■ **DATASET RECORDS**:

☆ ☆ ☆ ☆

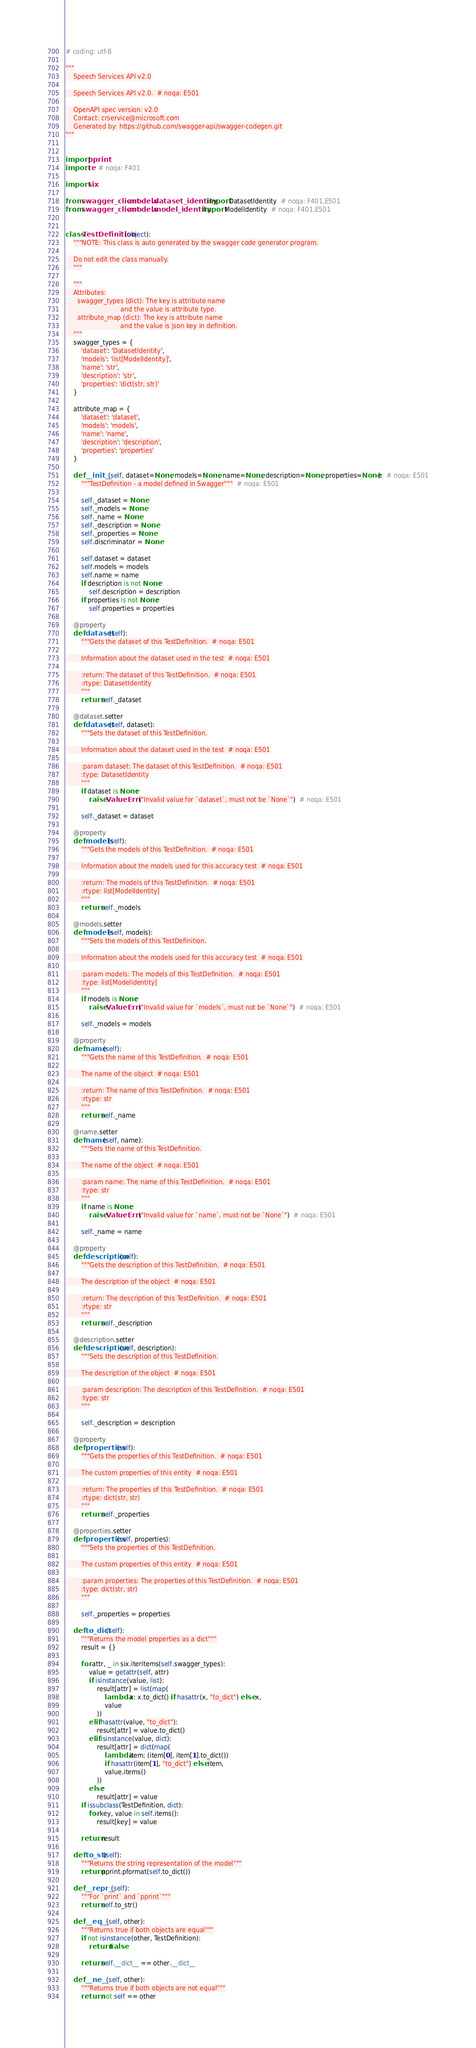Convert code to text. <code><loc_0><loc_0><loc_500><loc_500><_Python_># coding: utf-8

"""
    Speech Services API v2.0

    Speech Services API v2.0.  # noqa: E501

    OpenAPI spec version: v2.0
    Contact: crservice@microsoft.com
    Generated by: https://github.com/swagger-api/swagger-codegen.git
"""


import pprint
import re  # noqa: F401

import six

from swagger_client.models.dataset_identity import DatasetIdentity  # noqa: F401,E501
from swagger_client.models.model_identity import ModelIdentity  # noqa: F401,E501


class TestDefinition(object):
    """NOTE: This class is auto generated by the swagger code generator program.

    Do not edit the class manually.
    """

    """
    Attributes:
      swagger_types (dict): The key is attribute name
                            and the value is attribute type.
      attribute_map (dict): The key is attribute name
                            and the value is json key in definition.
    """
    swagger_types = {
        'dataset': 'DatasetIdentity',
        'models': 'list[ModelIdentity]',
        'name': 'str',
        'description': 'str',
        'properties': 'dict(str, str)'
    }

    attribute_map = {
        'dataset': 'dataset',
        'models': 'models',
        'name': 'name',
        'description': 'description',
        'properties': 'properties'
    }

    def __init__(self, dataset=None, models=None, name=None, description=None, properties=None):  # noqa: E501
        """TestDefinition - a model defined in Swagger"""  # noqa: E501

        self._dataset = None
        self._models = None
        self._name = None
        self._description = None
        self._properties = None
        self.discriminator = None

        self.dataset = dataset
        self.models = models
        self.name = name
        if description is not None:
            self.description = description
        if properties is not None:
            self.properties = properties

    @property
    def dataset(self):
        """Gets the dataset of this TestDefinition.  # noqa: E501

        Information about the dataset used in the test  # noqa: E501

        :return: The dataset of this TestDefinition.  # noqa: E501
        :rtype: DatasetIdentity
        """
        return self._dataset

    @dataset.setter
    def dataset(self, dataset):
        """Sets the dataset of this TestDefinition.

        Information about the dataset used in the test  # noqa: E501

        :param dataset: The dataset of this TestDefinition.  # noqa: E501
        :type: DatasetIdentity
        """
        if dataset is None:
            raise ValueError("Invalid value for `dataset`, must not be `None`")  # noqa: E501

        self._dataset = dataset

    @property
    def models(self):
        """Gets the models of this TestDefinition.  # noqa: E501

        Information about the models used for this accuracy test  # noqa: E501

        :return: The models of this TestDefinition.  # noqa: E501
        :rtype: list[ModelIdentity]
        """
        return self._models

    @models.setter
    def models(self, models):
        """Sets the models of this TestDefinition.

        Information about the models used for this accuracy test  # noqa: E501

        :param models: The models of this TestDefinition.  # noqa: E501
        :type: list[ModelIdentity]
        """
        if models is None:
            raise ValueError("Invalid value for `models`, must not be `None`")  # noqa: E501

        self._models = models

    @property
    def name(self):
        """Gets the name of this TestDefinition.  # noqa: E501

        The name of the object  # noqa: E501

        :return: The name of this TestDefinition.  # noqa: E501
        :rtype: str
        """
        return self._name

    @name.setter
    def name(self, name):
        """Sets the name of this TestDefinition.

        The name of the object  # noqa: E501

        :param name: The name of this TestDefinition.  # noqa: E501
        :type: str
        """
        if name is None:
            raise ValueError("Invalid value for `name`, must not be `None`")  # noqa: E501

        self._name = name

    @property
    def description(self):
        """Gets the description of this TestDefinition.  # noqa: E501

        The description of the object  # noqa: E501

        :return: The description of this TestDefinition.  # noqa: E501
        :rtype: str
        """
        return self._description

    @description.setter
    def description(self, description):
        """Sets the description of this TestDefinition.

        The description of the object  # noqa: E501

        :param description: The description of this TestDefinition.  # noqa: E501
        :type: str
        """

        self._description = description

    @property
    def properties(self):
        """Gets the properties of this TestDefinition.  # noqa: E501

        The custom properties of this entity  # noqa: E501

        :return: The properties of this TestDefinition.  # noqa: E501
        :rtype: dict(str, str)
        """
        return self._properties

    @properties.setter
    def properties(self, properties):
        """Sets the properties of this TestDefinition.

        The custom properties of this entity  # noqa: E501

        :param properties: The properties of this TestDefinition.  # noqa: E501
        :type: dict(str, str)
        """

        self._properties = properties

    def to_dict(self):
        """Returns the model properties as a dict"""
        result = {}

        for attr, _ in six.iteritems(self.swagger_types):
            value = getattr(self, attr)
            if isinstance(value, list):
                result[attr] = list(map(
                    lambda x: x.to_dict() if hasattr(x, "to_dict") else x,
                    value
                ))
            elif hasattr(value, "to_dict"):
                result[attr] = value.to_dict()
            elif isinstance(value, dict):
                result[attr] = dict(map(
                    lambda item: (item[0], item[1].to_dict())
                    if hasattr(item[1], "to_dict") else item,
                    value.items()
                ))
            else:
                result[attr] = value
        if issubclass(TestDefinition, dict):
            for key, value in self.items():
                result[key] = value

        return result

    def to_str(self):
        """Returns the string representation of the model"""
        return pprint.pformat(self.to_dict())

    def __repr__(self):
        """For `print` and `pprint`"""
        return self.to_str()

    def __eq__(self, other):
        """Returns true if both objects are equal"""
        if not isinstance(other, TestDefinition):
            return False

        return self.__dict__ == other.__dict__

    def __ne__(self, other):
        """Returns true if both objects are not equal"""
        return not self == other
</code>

☆ ☆ ☆ ☆

■ **WHAT YOU WILL DO**:
Here the job is to repeat the entries verbatim while leaving all pictures out.

■ **OUTPUT**:
Convert code to text. <code><loc_0><loc_0><loc_500><loc_500><_Python_># coding: utf-8

"""
    Speech Services API v2.0

    Speech Services API v2.0.  # noqa: E501

    OpenAPI spec version: v2.0
    Contact: crservice@microsoft.com
    Generated by: https://github.com/swagger-api/swagger-codegen.git
"""


import pprint
import re  # noqa: F401

import six

from swagger_client.models.dataset_identity import DatasetIdentity  # noqa: F401,E501
from swagger_client.models.model_identity import ModelIdentity  # noqa: F401,E501


class TestDefinition(object):
    """NOTE: This class is auto generated by the swagger code generator program.

    Do not edit the class manually.
    """

    """
    Attributes:
      swagger_types (dict): The key is attribute name
                            and the value is attribute type.
      attribute_map (dict): The key is attribute name
                            and the value is json key in definition.
    """
    swagger_types = {
        'dataset': 'DatasetIdentity',
        'models': 'list[ModelIdentity]',
        'name': 'str',
        'description': 'str',
        'properties': 'dict(str, str)'
    }

    attribute_map = {
        'dataset': 'dataset',
        'models': 'models',
        'name': 'name',
        'description': 'description',
        'properties': 'properties'
    }

    def __init__(self, dataset=None, models=None, name=None, description=None, properties=None):  # noqa: E501
        """TestDefinition - a model defined in Swagger"""  # noqa: E501

        self._dataset = None
        self._models = None
        self._name = None
        self._description = None
        self._properties = None
        self.discriminator = None

        self.dataset = dataset
        self.models = models
        self.name = name
        if description is not None:
            self.description = description
        if properties is not None:
            self.properties = properties

    @property
    def dataset(self):
        """Gets the dataset of this TestDefinition.  # noqa: E501

        Information about the dataset used in the test  # noqa: E501

        :return: The dataset of this TestDefinition.  # noqa: E501
        :rtype: DatasetIdentity
        """
        return self._dataset

    @dataset.setter
    def dataset(self, dataset):
        """Sets the dataset of this TestDefinition.

        Information about the dataset used in the test  # noqa: E501

        :param dataset: The dataset of this TestDefinition.  # noqa: E501
        :type: DatasetIdentity
        """
        if dataset is None:
            raise ValueError("Invalid value for `dataset`, must not be `None`")  # noqa: E501

        self._dataset = dataset

    @property
    def models(self):
        """Gets the models of this TestDefinition.  # noqa: E501

        Information about the models used for this accuracy test  # noqa: E501

        :return: The models of this TestDefinition.  # noqa: E501
        :rtype: list[ModelIdentity]
        """
        return self._models

    @models.setter
    def models(self, models):
        """Sets the models of this TestDefinition.

        Information about the models used for this accuracy test  # noqa: E501

        :param models: The models of this TestDefinition.  # noqa: E501
        :type: list[ModelIdentity]
        """
        if models is None:
            raise ValueError("Invalid value for `models`, must not be `None`")  # noqa: E501

        self._models = models

    @property
    def name(self):
        """Gets the name of this TestDefinition.  # noqa: E501

        The name of the object  # noqa: E501

        :return: The name of this TestDefinition.  # noqa: E501
        :rtype: str
        """
        return self._name

    @name.setter
    def name(self, name):
        """Sets the name of this TestDefinition.

        The name of the object  # noqa: E501

        :param name: The name of this TestDefinition.  # noqa: E501
        :type: str
        """
        if name is None:
            raise ValueError("Invalid value for `name`, must not be `None`")  # noqa: E501

        self._name = name

    @property
    def description(self):
        """Gets the description of this TestDefinition.  # noqa: E501

        The description of the object  # noqa: E501

        :return: The description of this TestDefinition.  # noqa: E501
        :rtype: str
        """
        return self._description

    @description.setter
    def description(self, description):
        """Sets the description of this TestDefinition.

        The description of the object  # noqa: E501

        :param description: The description of this TestDefinition.  # noqa: E501
        :type: str
        """

        self._description = description

    @property
    def properties(self):
        """Gets the properties of this TestDefinition.  # noqa: E501

        The custom properties of this entity  # noqa: E501

        :return: The properties of this TestDefinition.  # noqa: E501
        :rtype: dict(str, str)
        """
        return self._properties

    @properties.setter
    def properties(self, properties):
        """Sets the properties of this TestDefinition.

        The custom properties of this entity  # noqa: E501

        :param properties: The properties of this TestDefinition.  # noqa: E501
        :type: dict(str, str)
        """

        self._properties = properties

    def to_dict(self):
        """Returns the model properties as a dict"""
        result = {}

        for attr, _ in six.iteritems(self.swagger_types):
            value = getattr(self, attr)
            if isinstance(value, list):
                result[attr] = list(map(
                    lambda x: x.to_dict() if hasattr(x, "to_dict") else x,
                    value
                ))
            elif hasattr(value, "to_dict"):
                result[attr] = value.to_dict()
            elif isinstance(value, dict):
                result[attr] = dict(map(
                    lambda item: (item[0], item[1].to_dict())
                    if hasattr(item[1], "to_dict") else item,
                    value.items()
                ))
            else:
                result[attr] = value
        if issubclass(TestDefinition, dict):
            for key, value in self.items():
                result[key] = value

        return result

    def to_str(self):
        """Returns the string representation of the model"""
        return pprint.pformat(self.to_dict())

    def __repr__(self):
        """For `print` and `pprint`"""
        return self.to_str()

    def __eq__(self, other):
        """Returns true if both objects are equal"""
        if not isinstance(other, TestDefinition):
            return False

        return self.__dict__ == other.__dict__

    def __ne__(self, other):
        """Returns true if both objects are not equal"""
        return not self == other
</code>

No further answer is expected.